%%
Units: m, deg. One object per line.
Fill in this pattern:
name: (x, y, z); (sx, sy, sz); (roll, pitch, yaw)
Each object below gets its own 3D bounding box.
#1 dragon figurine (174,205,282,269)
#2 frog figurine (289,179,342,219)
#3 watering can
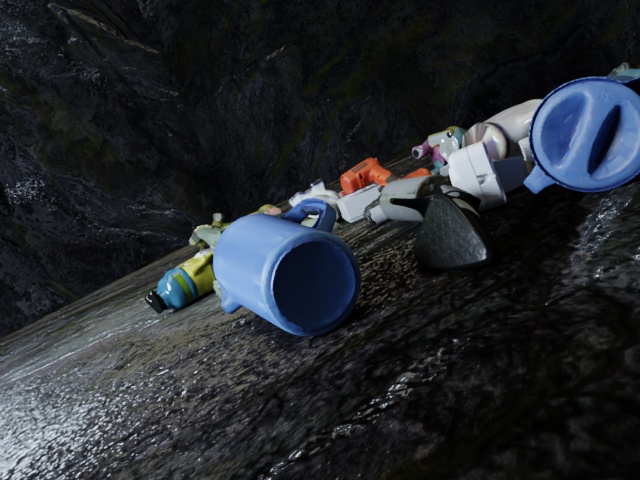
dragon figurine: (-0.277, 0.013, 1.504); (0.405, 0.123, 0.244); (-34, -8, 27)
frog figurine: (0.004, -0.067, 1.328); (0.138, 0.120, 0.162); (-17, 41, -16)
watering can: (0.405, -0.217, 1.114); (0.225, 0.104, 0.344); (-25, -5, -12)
%%
Exercise instructions - Repeat all of the entries above word for word and omit the pictures.

Exercise solution -
Units: m, deg. One object per line.
Fill in this pattern:
name: (x, y, z); (sx, sy, sz); (roll, pitch, yaw)
Each object below gets its own 3D bounding box.
#1 dragon figurine (174,205,282,269)
#2 frog figurine (289,179,342,219)
#3 watering can
dragon figurine: (-0.277, 0.013, 1.504); (0.405, 0.123, 0.244); (-34, -8, 27)
frog figurine: (0.004, -0.067, 1.328); (0.138, 0.120, 0.162); (-17, 41, -16)
watering can: (0.405, -0.217, 1.114); (0.225, 0.104, 0.344); (-25, -5, -12)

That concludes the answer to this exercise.